The European Commission is not happy with the savings Croatia has made in the recent budget revision and is demanding the deficit to be cut further by HRK 1.3bn (EUR 170mn), or by an additional 0.4% of GDP, daily Vecernji List reported on April 4, quoting unnamed sources from the finance ministry.
Croatia already revised this year’s budget in March, cutting the deficit target to HRK 13.6bn (EUR 1.8bn), or 4.1% of GDP, from HRK 17.5bn, or 5.2% of GDP with a planned consolidated budget gap of 4.5% of GDP. Still, the revision meant the planned deficit was cut by only HRK 4bn and not by HRK 7.5bn as required under the EC’s excessive deficit procedure, which the country entered in January.

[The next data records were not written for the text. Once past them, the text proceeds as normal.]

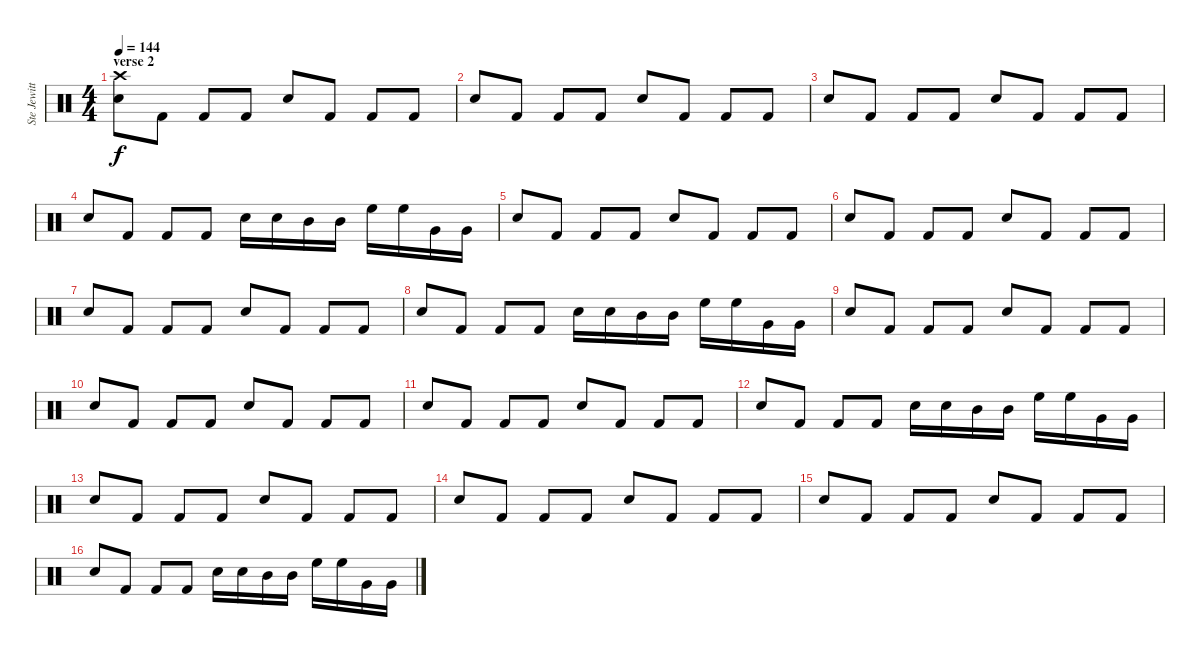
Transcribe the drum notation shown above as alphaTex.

\track ("Ste Jewitt (Drummer)" "Ste Jewitt") {instrument percussion}
\staff {score}
\articulation defaults
\ts (4 4)
\section ("" "verse 2")
\tempo 144
\clef neutral
\ks c
("Crash high (hit)" "Snare (hit) 2").8{dy f} "Kick (hit) 2".8 "Kick (hit) 2".8 "Kick (hit) 2".8 "Snare (hit) 2".8 "Kick (hit) 2".8 "Kick (hit) 2".8 "Kick (hit) 2".8 |
"Snare (hit) 2".8 "Kick (hit) 2".8 "Kick (hit) 2".8 "Kick (hit) 2".8 "Snare (hit) 2".8 "Kick (hit) 2".8 "Kick (hit) 2".8 "Kick (hit) 2".8 |
"Snare (hit) 2".8 "Kick (hit) 2".8 "Kick (hit) 2".8 "Kick (hit) 2".8 "Snare (hit) 2".8 "Kick (hit) 2".8 "Kick (hit) 2".8 "Kick (hit) 2".8 |
"Snare (hit) 2".8 "Kick (hit) 2".8 "Kick (hit) 2".8 "Kick (hit) 2".8 "Snare (hit) 2".16 "Snare (hit) 2".16 "Mid Tom (hit)".16 "Mid Tom (hit)".16 "High Floor Tom (hit)".16 "High Floor Tom (hit)".16 "Very Low Tom (hit)".16 "Very Low Tom (hit)".16 |
"Snare (hit) 2".8 "Kick (hit) 2".8 "Kick (hit) 2".8 "Kick (hit) 2".8 "Snare (hit) 2".8 "Kick (hit) 2".8 "Kick (hit) 2".8 "Kick (hit) 2".8 |
"Snare (hit) 2".8 "Kick (hit) 2".8 "Kick (hit) 2".8 "Kick (hit) 2".8 "Snare (hit) 2".8 "Kick (hit) 2".8 "Kick (hit) 2".8 "Kick (hit) 2".8 |
"Snare (hit) 2".8 "Kick (hit) 2".8 "Kick (hit) 2".8 "Kick (hit) 2".8 "Snare (hit) 2".8 "Kick (hit) 2".8 "Kick (hit) 2".8 "Kick (hit) 2".8 |
"Snare (hit) 2".8 "Kick (hit) 2".8 "Kick (hit) 2".8 "Kick (hit) 2".8 "Snare (hit) 2".16 "Snare (hit) 2".16 "Mid Tom (hit)".16 "Mid Tom (hit)".16 "High Floor Tom (hit)".16 "High Floor Tom (hit)".16 "Very Low Tom (hit)".16 "Very Low Tom (hit)".16 |
"Snare (hit) 2".8 "Kick (hit) 2".8 "Kick (hit) 2".8 "Kick (hit) 2".8 "Snare (hit) 2".8 "Kick (hit) 2".8 "Kick (hit) 2".8 "Kick (hit) 2".8 |
"Snare (hit) 2".8 "Kick (hit) 2".8 "Kick (hit) 2".8 "Kick (hit) 2".8 "Snare (hit) 2".8 "Kick (hit) 2".8 "Kick (hit) 2".8 "Kick (hit) 2".8 |
"Snare (hit) 2".8 "Kick (hit) 2".8 "Kick (hit) 2".8 "Kick (hit) 2".8 "Snare (hit) 2".8 "Kick (hit) 2".8 "Kick (hit) 2".8 "Kick (hit) 2".8 |
"Snare (hit) 2".8 "Kick (hit) 2".8 "Kick (hit) 2".8 "Kick (hit) 2".8 "Snare (hit) 2".16 "Snare (hit) 2".16 "Mid Tom (hit)".16 "Mid Tom (hit)".16 "High Floor Tom (hit)".16 "High Floor Tom (hit)".16 "Very Low Tom (hit)".16 "Very Low Tom (hit)".16 |
"Snare (hit) 2".8 "Kick (hit) 2".8 "Kick (hit) 2".8 "Kick (hit) 2".8 "Snare (hit) 2".8 "Kick (hit) 2".8 "Kick (hit) 2".8 "Kick (hit) 2".8 |
"Snare (hit) 2".8 "Kick (hit) 2".8 "Kick (hit) 2".8 "Kick (hit) 2".8 "Snare (hit) 2".8 "Kick (hit) 2".8 "Kick (hit) 2".8 "Kick (hit) 2".8 |
"Snare (hit) 2".8 "Kick (hit) 2".8 "Kick (hit) 2".8 "Kick (hit) 2".8 "Snare (hit) 2".8 "Kick (hit) 2".8 "Kick (hit) 2".8 "Kick (hit) 2".8 |
"Snare (hit) 2".8 "Kick (hit) 2".8 "Kick (hit) 2".8 "Kick (hit) 2".8 "Snare (hit) 2".16 "Snare (hit) 2".16 "Mid Tom (hit)".16 "Mid Tom (hit)".16 "High Floor Tom (hit)".16 "High Floor Tom (hit)".16 "Very Low Tom (hit)".16 "Very Low Tom (hit)".16

The report claims that even though the IMF approved the government’s policy of somewhat more moderate fiscal adjustment this year (that would accelerate next year), having in mind the already suffocated domestic demand, the EC remained at its previous stance that the structural deficit should be reduced by 2.3%/GDP this year and not just by 1.9%/GDP.
The source from the ministry says that the government will listen to Brussels’ demand for a 2.3%/GDP cut but will implement it within the existing institutional frameworks. It will not go for the new rebalance immediately but will design measures to limit the budget spending within the needed level. Zagreb should present its planned measures to the local public and the EU by April 30.
The report suggests that the second budget revision could take place already in June. The EC is about to review in May and June the adopted measures and plans of all member states, which are in excessive deficit procedures – and publish its opinion on each of the countries.
As part of Croatia’s excessive deficit procedure, the EC has recommended the country should gradually reduce the deficit to 2.7% of GDP in 2016.
In March, Croatia's Hypo Alpe-Adria-Bank's chief economist, Hrvoje Stojic, said that Croatia might have to revise again this year's budget by the end of June as the deficit could again reach almost 6% of GDP by mid-2014 due to a poor domestic demand and unplanned budgetary expenditures.